Whilst these findings encourage clinicians to use the readily accessible technology within their clinic to confidently aid assessment, consideration needs to be given for infection control concerns and phone design. Specifically, mobile phones have previously been shown as an infection hazard [29], the iPhone used within this study did not have a cover and had a flat base. These factors aided positioning but required the phone to be cleaned between and after testing. A cover would not eliminate that cleaning schedule but may alter the flatness of the surface and skin contact. However, these concerns are minimal and can be rectified by following standard cleaning schedules that apply to all other multiple use assessment items used on intact skin.

There are a number of limitations to this study. Experienced raters conducted all measures. Alternative studies on reliability have included a novice rater to compare, therefore care should be taken in considering how these results may apply to the learner user. Additionally, we have suggested that this App is unlikely to change due to its inclusion in the Apple App suite, however, there is still the risk that changes to its function may occur, including but not limited to: the App being removed from the iPhone software; phone case shape variation, or; updates to the Measure App format with changes to the level functionality. Android phone users will need to consider alternative measure Apps as the Measure App is not available on the Android platform. The study was powered with an ICC of 0.6, which indicates moderate reliability [22]. Whilst the research team determined this as an acceptable level, other researchers or clinicians may consider this as low.

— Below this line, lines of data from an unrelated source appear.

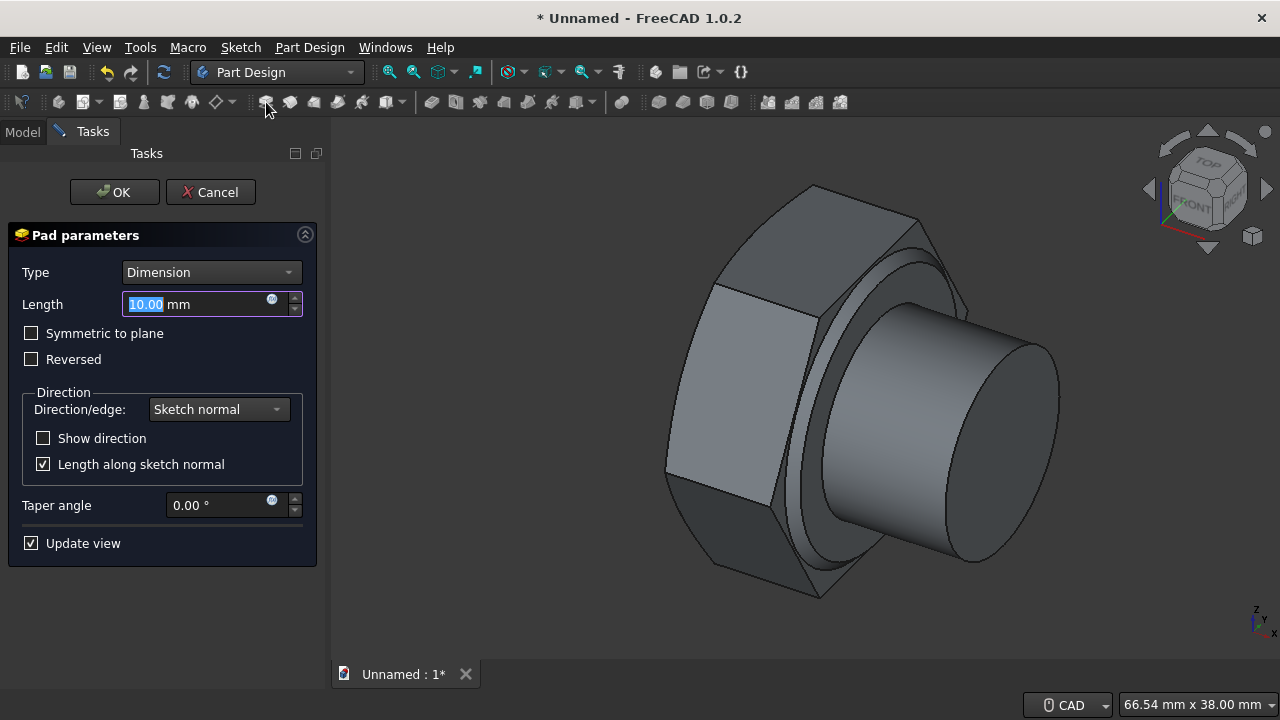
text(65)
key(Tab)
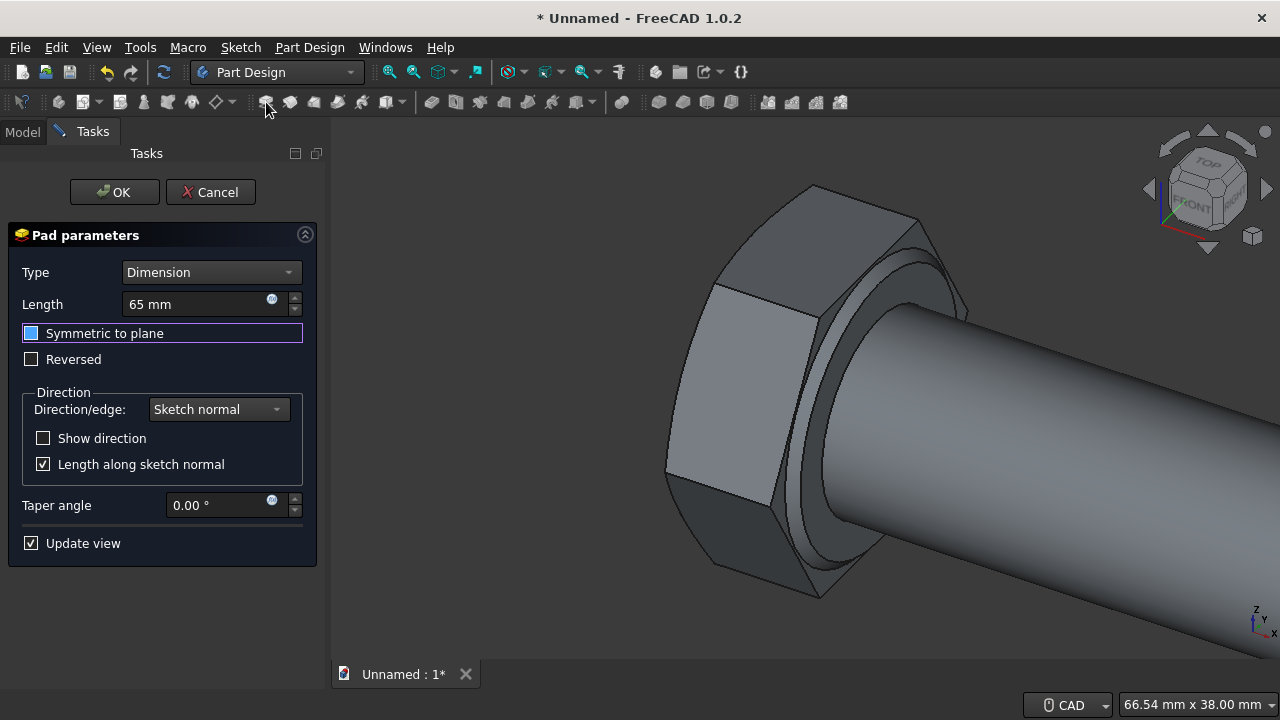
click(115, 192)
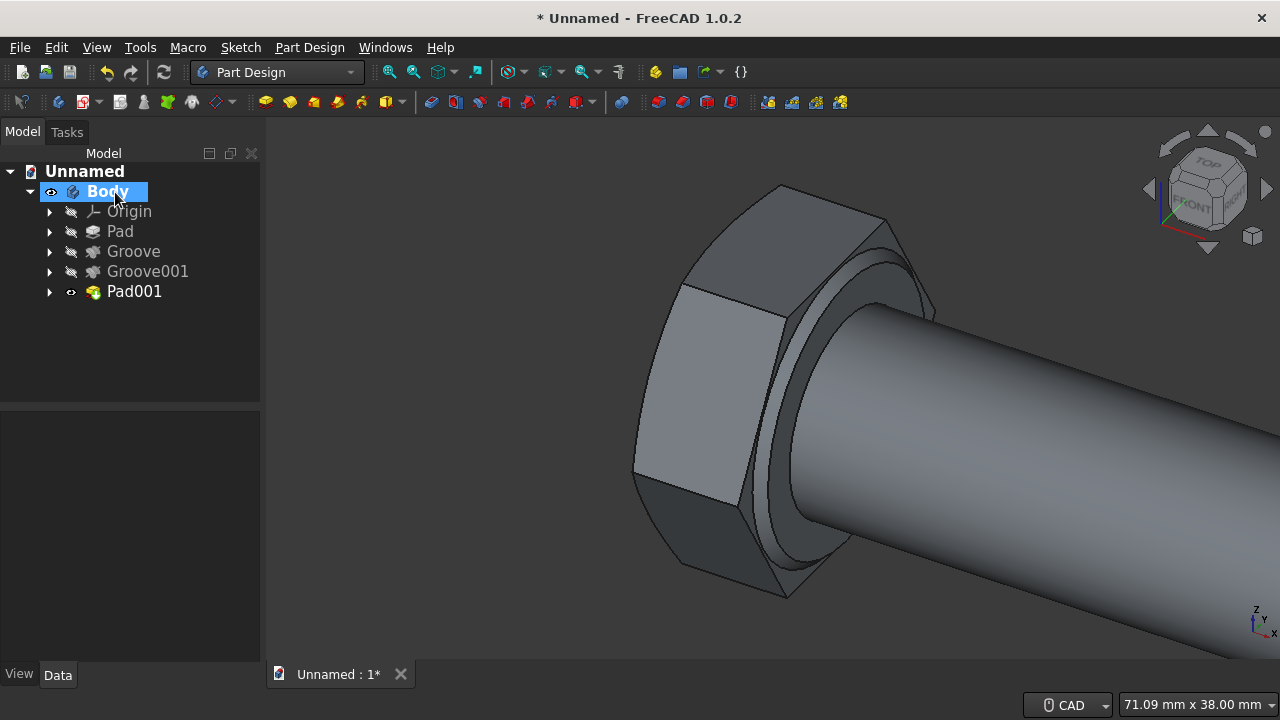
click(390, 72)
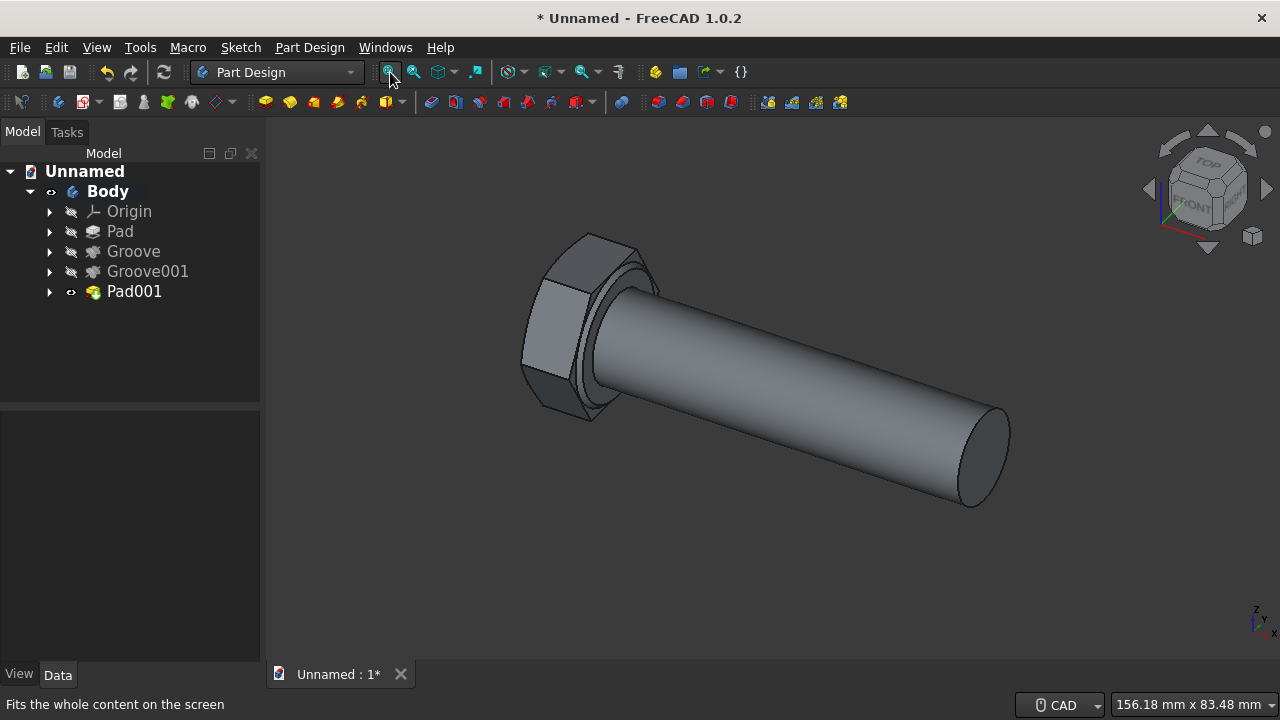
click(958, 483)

This should be considered when applying these results in practice or research in the future. Lastly, the mean values of weight bearing lunge were lower than other reported ranges [4, 5], however, comparable to other published values in normative populations [6, 7]. This also highlights that researchers and clinicians should consider the placement of measurement equipment for the weightbearing lunge. Specifically, placement of measurement equipment at tibia’s anterior surface [30] may elicit different results to the equipment’s position as used within this study, and outcomes may not be comparable. It is unknown what impact this may also have on measured reliability.

Future research in the use of this technology for measurement should include understanding the reliability in children and in pathological populations, where there is (potential for) a smaller surface area for device placement. There is also the potential to consider including family/carers in future assessment of this and alternative measuring Apps to determine appropriateness of non-health professional’s ability to determine success where interventions have been prescribed to improve ankle flexibility.

Conclusion

Using the iPhone level measure, within the Measurement App has demonstrated to be an easy to use and reliable measurement tool for healthy adults. Clinicians should consider how the use of this technology may assist in their clinical practice to assess and measure treatment outcomes.